(Collection entries)
----

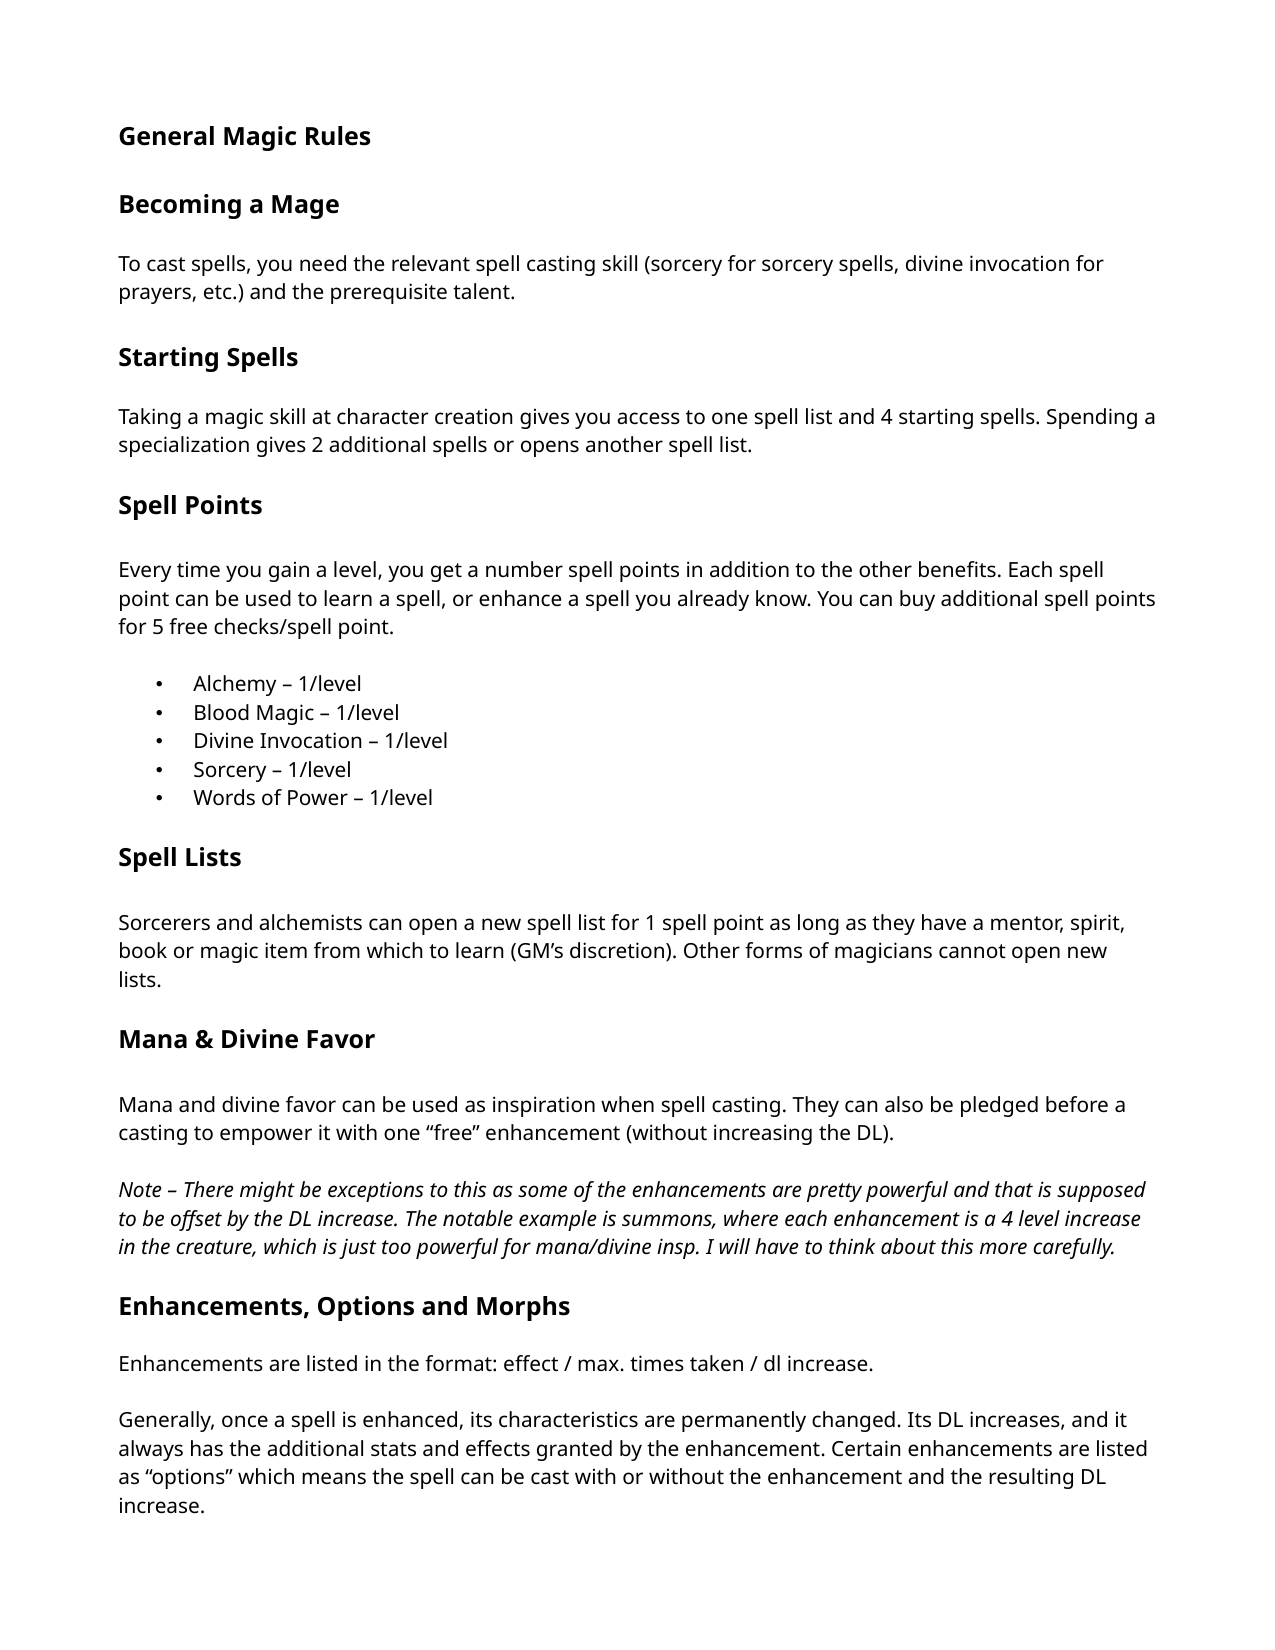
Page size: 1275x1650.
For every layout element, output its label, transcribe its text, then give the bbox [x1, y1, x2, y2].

text Enhancements are listed in the format: effect / max. times taken / dl increase. [118, 1349, 1157, 1377]
text Every time you gain a level, you get a number spell points in addition to the other benefits. Each spell point can be used to learn a spell, or enhance a spell you already know. You can buy additional spell points for 5 free checks/spell point. [118, 556, 1157, 641]
text Note – There might be exceptions to this as some of the enhancements are pretty powerful and that is supposed to be offset by the DL increase. The notable example is summons, where each enhancement is a 4 level increase in the creature, which is just too powerful for mana/divine insp. I will have to think about this more carefully. [118, 1175, 1157, 1261]
list Sorcery – 1/level [156, 755, 1157, 783]
text Mana and divine favor can be used as inspiration when spell casting. They can also be pledged before a casting to empower it with one “free” enhancement (without increasing the DL). [118, 1090, 1157, 1147]
text Spell Lists [118, 840, 1157, 874]
text Generally, once a spell is enhanced, its characteristics are permanently changed. Its DL increases, and it always has the additional stats and effects granted by the enhancement. Certain enhancements are listed as “options” which means the spell can be cast with or without the enhancement and the resulting DL increase. [118, 1406, 1157, 1519]
text To cast spells, you need the relevant spell casting skill (sorcery for sorcery spells, divine invocation for prayers, etc.) and the prerequisite talent. [118, 249, 1157, 306]
text Mana & Divine Favor [118, 1022, 1157, 1056]
list Alchemy – 1/level [156, 669, 1157, 698]
text Spell Points [118, 487, 1157, 522]
list Words of Power – 1/level [156, 783, 1157, 812]
text General Magic Rules [118, 118, 1157, 152]
text Starting Spells [118, 340, 1157, 374]
text Enhancements, Options and Morphs [118, 1289, 1157, 1323]
list Divine Invocation – 1/level [156, 726, 1157, 755]
list Blood Magic – 1/level [156, 698, 1157, 726]
text Becoming a Mage [118, 186, 1157, 220]
text Sorcerers and alchemists can open a new spell list for 1 spell point as long as they have a mentor, spirit, book or magic item from which to learn (GM’s discretion). Other forms of magicians cannot open new lists. [118, 908, 1157, 993]
text Taking a magic skill at character creation gives you access to one spell list and 4 starting spells. Spending a specialization gives 2 additional spells or opens another spell list. [118, 402, 1157, 459]

----

● **HOW TO COMPLETE THIS TASK**:
Transcribe all the entries precisely. Do not include any picture.

● **YOUR RESPONSE**:
Page size: 1275x1650.
For every layout element, output its label, transcribe its text, then give the bbox [x1, y1, x2, y2].

text Enhancements are listed in the format: effect / max. times taken / dl increase. [118, 1349, 1157, 1377]
text Every time you gain a level, you get a number spell points in addition to the other benefits. Each spell point can be used to learn a spell, or enhance a spell you already know. You can buy additional spell points for 5 free checks/spell point. [118, 556, 1157, 641]
text Note – There might be exceptions to this as some of the enhancements are pretty powerful and that is supposed to be offset by the DL increase. The notable example is summons, where each enhancement is a 4 level increase in the creature, which is just too powerful for mana/divine insp. I will have to think about this more carefully. [118, 1175, 1157, 1261]
list Sorcery – 1/level [156, 755, 1157, 783]
text Mana and divine favor can be used as inspiration when spell casting. They can also be pledged before a casting to empower it with one “free” enhancement (without increasing the DL). [118, 1090, 1157, 1147]
text Spell Lists [118, 840, 1157, 874]
text Generally, once a spell is enhanced, its characteristics are permanently changed. Its DL increases, and it always has the additional stats and effects granted by the enhancement. Certain enhancements are listed as “options” which means the spell can be cast with or without the enhancement and the resulting DL increase. [118, 1406, 1157, 1519]
text To cast spells, you need the relevant spell casting skill (sorcery for sorcery spells, divine invocation for prayers, etc.) and the prerequisite talent. [118, 249, 1157, 306]
text Mana & Divine Favor [118, 1022, 1157, 1056]
list Alchemy – 1/level [156, 669, 1157, 698]
text Spell Points [118, 487, 1157, 522]
list Words of Power – 1/level [156, 783, 1157, 812]
text General Magic Rules [118, 118, 1157, 152]
text Starting Spells [118, 340, 1157, 374]
text Enhancements, Options and Morphs [118, 1289, 1157, 1323]
list Divine Invocation – 1/level [156, 726, 1157, 755]
list Blood Magic – 1/level [156, 698, 1157, 726]
text Becoming a Mage [118, 186, 1157, 220]
text Sorcerers and alchemists can open a new spell list for 1 spell point as long as they have a mentor, spirit, book or magic item from which to learn (GM’s discretion). Other forms of magicians cannot open new lists. [118, 908, 1157, 993]
text Taking a magic skill at character creation gives you access to one spell list and 4 starting spells. Spending a specialization gives 2 additional spells or opens another spell list. [118, 402, 1157, 459]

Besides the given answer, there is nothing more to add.